| dc.description.abstract | Fungi are an important group of microorganisms which reproduce by means of specialized cells called spores. These spores are generally considered as a quiescent stage in their life cycle. However, on a suitable substrate, they germinate producing germ tubes which elongate into filaments called hyphae. These hyphae branch, rebranch, and intertwine to form a mass called mycelium. Though the biochemical and genetic aspects of bacterial spore germination have been extensively investigated, such detailed knowledge is lacking in the majority of fungi in general and dermatophytes in particular.

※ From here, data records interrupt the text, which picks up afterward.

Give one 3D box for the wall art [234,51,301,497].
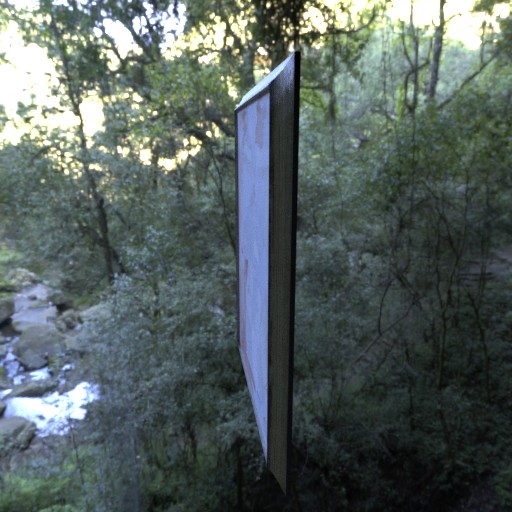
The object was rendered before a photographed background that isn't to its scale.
[{"bbox_3d":[0.000,0.000,0.617,0.023,0.457,0.381,-2,14,-8],"label":"wall art"}]
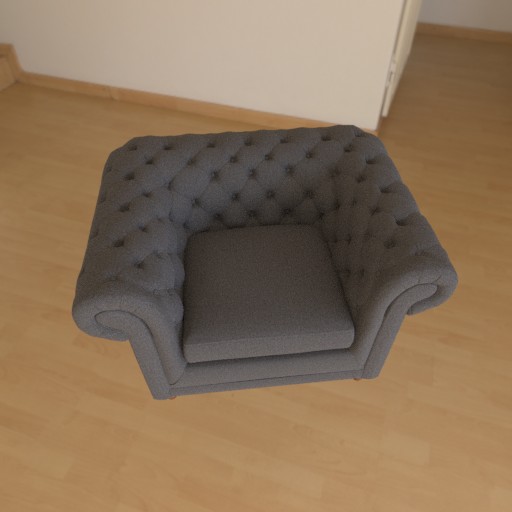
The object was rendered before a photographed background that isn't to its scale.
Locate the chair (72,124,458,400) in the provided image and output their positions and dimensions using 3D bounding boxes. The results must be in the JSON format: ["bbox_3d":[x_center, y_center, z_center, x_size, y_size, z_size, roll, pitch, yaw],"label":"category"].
[{"bbox_3d":[0.000,0.000,1.933,1.270,0.770,0.976,-4,46,-4],"label":"chair"}]
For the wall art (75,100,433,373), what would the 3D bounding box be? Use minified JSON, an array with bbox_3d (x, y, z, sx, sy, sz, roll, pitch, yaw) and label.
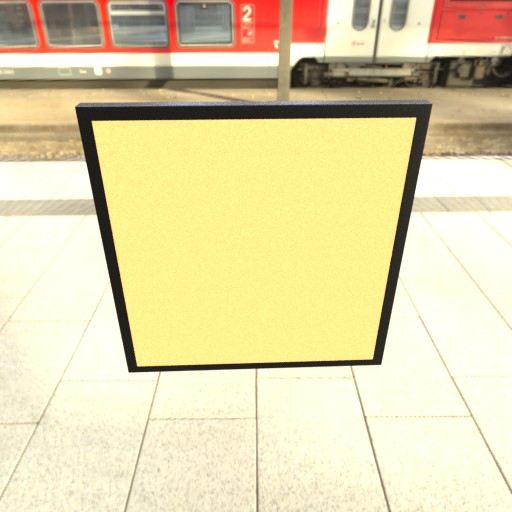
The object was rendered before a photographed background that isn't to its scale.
[{"bbox_3d":[0.000,0.000,1.142,0.755,0.761,0.038,-1,31,-2],"label":"wall art"}]
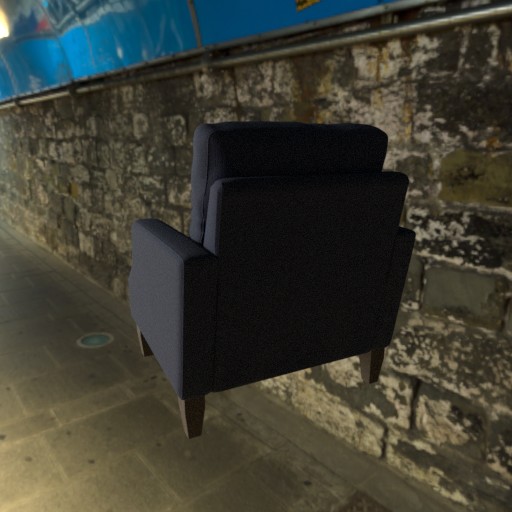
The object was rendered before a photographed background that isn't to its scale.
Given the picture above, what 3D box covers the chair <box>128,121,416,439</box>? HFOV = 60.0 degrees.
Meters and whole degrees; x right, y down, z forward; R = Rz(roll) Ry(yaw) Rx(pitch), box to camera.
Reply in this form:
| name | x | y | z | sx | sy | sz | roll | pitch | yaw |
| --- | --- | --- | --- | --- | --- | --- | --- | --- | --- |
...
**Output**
| name | x | y | z | sx | sy | sz | roll | pitch | yaw |
| --- | --- | --- | --- | --- | --- | --- | --- | --- | --- |
| chair | 0.000 | 0.000 | 1.735 | 0.855 | 0.991 | 0.897 | -7 | 16 | -26 |
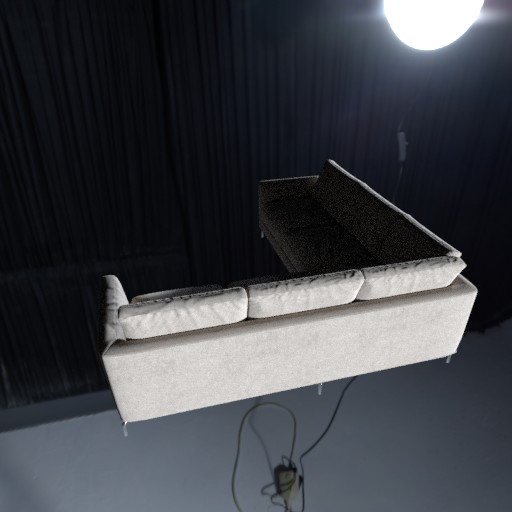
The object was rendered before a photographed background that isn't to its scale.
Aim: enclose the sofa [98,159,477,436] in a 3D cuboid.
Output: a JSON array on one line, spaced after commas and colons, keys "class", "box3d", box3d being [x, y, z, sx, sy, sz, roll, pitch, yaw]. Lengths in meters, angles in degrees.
[{"class": "sofa", "box3d": [0.000, 0.000, 3.742, 2.438, 0.864, 2.438, -8, 30, -13]}]
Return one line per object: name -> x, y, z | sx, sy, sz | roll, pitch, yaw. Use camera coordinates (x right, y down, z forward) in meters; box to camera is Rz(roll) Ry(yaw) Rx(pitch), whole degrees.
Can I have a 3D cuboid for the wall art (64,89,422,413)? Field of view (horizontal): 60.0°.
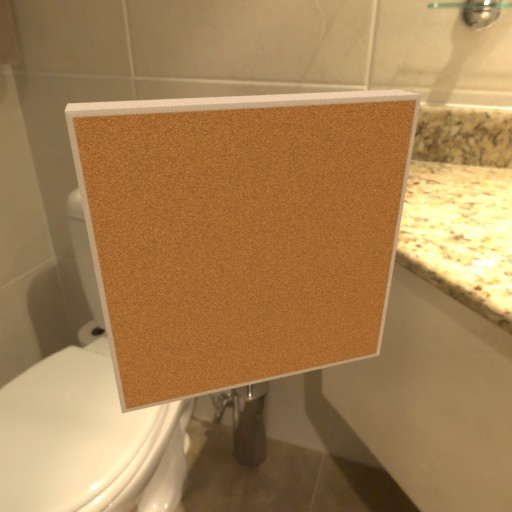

Species of Trichophyton, Epidermophyton, and Microsporum constitute dermatophytes, which cause superficial infection of epidermis, hair, and nails. They reproduce by means of arthrospores, microconidia, and macroconidia. Besides their involvement in the spread of mycotic infections, they provide an ideal experimental system to study morphogenesis and the underlying macromolecular changes (Chapter I).
In the present study, investigations have been carried out with Microsporum canis to understand the RNA metabolism with particular reference to the species of RNA formed. The purification and properties of the DNA-dependent RNA polymerases and in vivo and in vitro transcription have also been studied.
When the morphological changes during the germination of spores of M. canis are followed by light microscopy, germ tubes emerge only after 6 hours. But a significant synthesis of proteins and nucleic acids takes place as revealed by the incorporation of labeled precursors. Rapid uptake of ^32P orthophosphate into the intracellular pools occurs before the synthesis of RNA, which starts around 2 hours and increases up to 6 hours.
The RNA synthesized at the 2nd hour of germination was isolated and analyzed on polyacrylamide gels. The patterns revealed extensive synthesis of rRNA, low molecular weight RNA, and RNA species showing a heterogeneous distribution. In pulse-chase experiments, the label in the heterogeneously distributed RNA was markedly reduced, suggesting the presence of an unstable RNA. By oligo(dT)-cellulose chromatography, this unstable RNA species was confirmed to be mRNA. Similar analysis with 6-hour germinated spores revealed only low levels of mRNA (Chapter II).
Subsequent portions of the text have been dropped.